Treatment-related adverse events associated with everolimus

aSum of grade 3 and 4 events significantly different between everolimus group and placebo group (two-sided Fisher's exact test): stomatitis, p = .03; infections, p = .03; hypercholesterolemia, p = .03; hyperglycemia, p < .0001; lymphopenia, p = .002; hypophosphatemia, p = .01. No adaption for multiple testing was done.

bIncludes aphthous stomatitis, mouth ulceration, and stomatitis.

cIncludes all infections.

dIncludes interstitial lung disease, lung infiltration, pneumonitis, pulmonary alveolar hemorrhage, and pulmonary toxicity.

From Motzer RJ, Escudier B, Oudard S et al. Efficacy of everolimus in advanced renal cell carcinoma: A double-blind, randomised, placebo-controlled phase III trial. Lancet 2008;372:449–456. Reprinted with permission from Elsevier.

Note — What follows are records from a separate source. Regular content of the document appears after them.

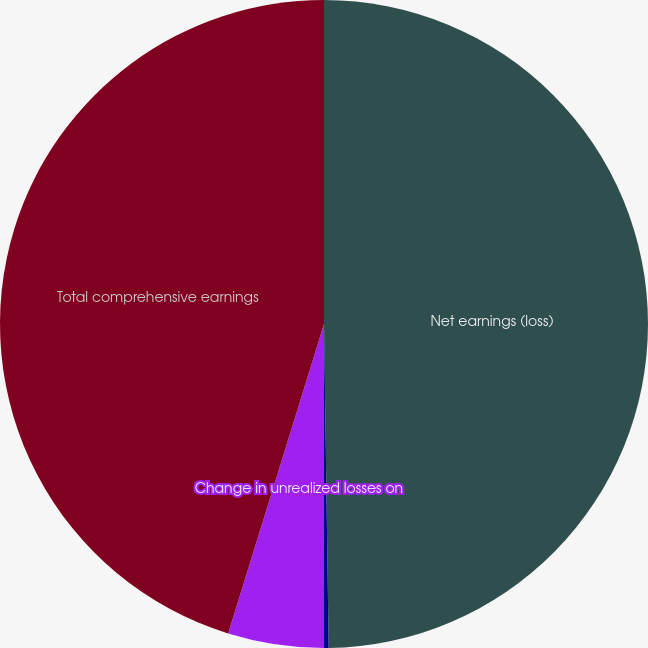<chart> <loc_0><loc_0><loc_500><loc_500><pie_chart><fcel>Net earnings (loss)<fcel>Reclassification adjustment<fcel>Change in unrealized losses on<fcel>Total comprehensive earnings<nl><fcel>49.77%<fcel>0.23%<fcel>4.78%<fcel>45.22%<nl></chart> 
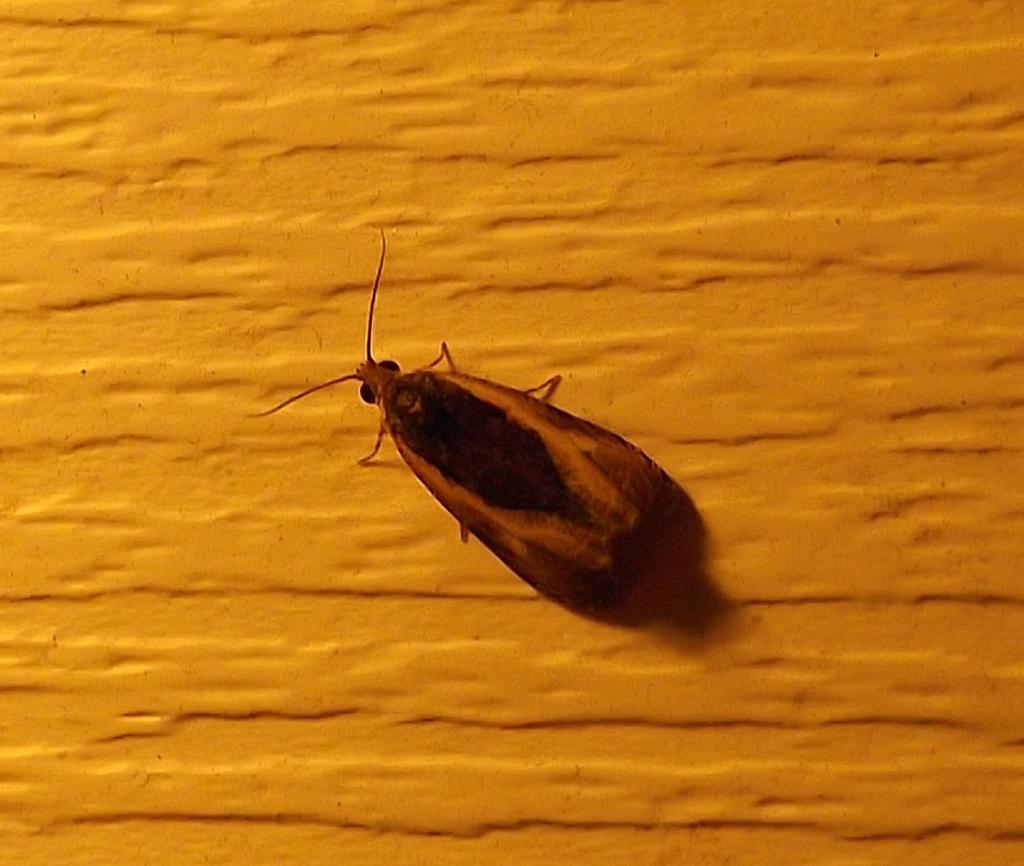In one or two sentences, can you explain what this image depicts? In this image in the center there is one cockroach, in the background there is a wall. 
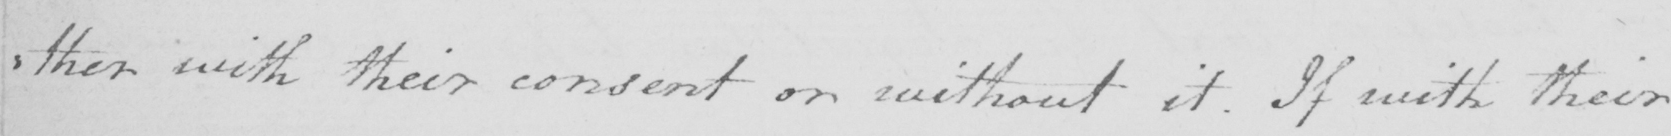Can you tell me what this handwritten text says? : ther with their consent or without it . If with their

Everolimus has received FDA (March 2009) and EMEA (May 2009) approval for the treatment of patients with advanced RCC after failure of treatment with sunitinib or sorafenib. Based on the trial data, everolimus also received a category 1 recommendation by the National Comprehensive Cancer Network for the second-line treatment of patients with advanced RCC after failure of tyrosine kinase therapy [39].

Perspectives

With the availability of sunitinib, sorafenib, bevacizumab, temsirolimus, and everolimus for metastatic RCC, this disease has been transformed from one with too few options to one with many options and a critical need for more research. Sequential treatment with these agents after disease progression to overcome resistance has become the usual clinical practice, but a great amount of work is still needed to determine whether existing agents may work better in combination or whether one specific sequence of these agents is superior to another, as suggested in early trials [18, 21]. Another urgent question is the nature of the resistance to VEGF/VEGFR-targeted therapies. Proposed mechanisms have focused on enhanced angiogenic signaling. Suggestions supported by experimental studies include the upregulation of HIF-1α to enhance the hypoxic response by greatly increasing levels of VEGF and PDGF and other factors needed for cell proliferation, and the upregulation of alternate proangiogenic pathways through other cell surface receptors such as those for FGF, insulin-like growth factor, ephrins, and angiopoietins [16]. The basis of current research combining everolimus or temsirolimus with bevacizumab and exploring optimal sequencing of the mTOR inhibitors with sunitinib and sorafenib is twofold: the expectation of additional antitumor effects with mTOR inhibition, as well as complementary angiogenic activities [40], and the position of mTOR downstream in the signaling pathways from VEGFR and PDGFR and downstream in the proposed alternate angiogenic signaling pathways.

The coming years will be even more exciting for RCC, and it is hoped that ongoing clinical trials will clarify some of the issues related to potential combinations and new drugs that have shown promise in phase II studies.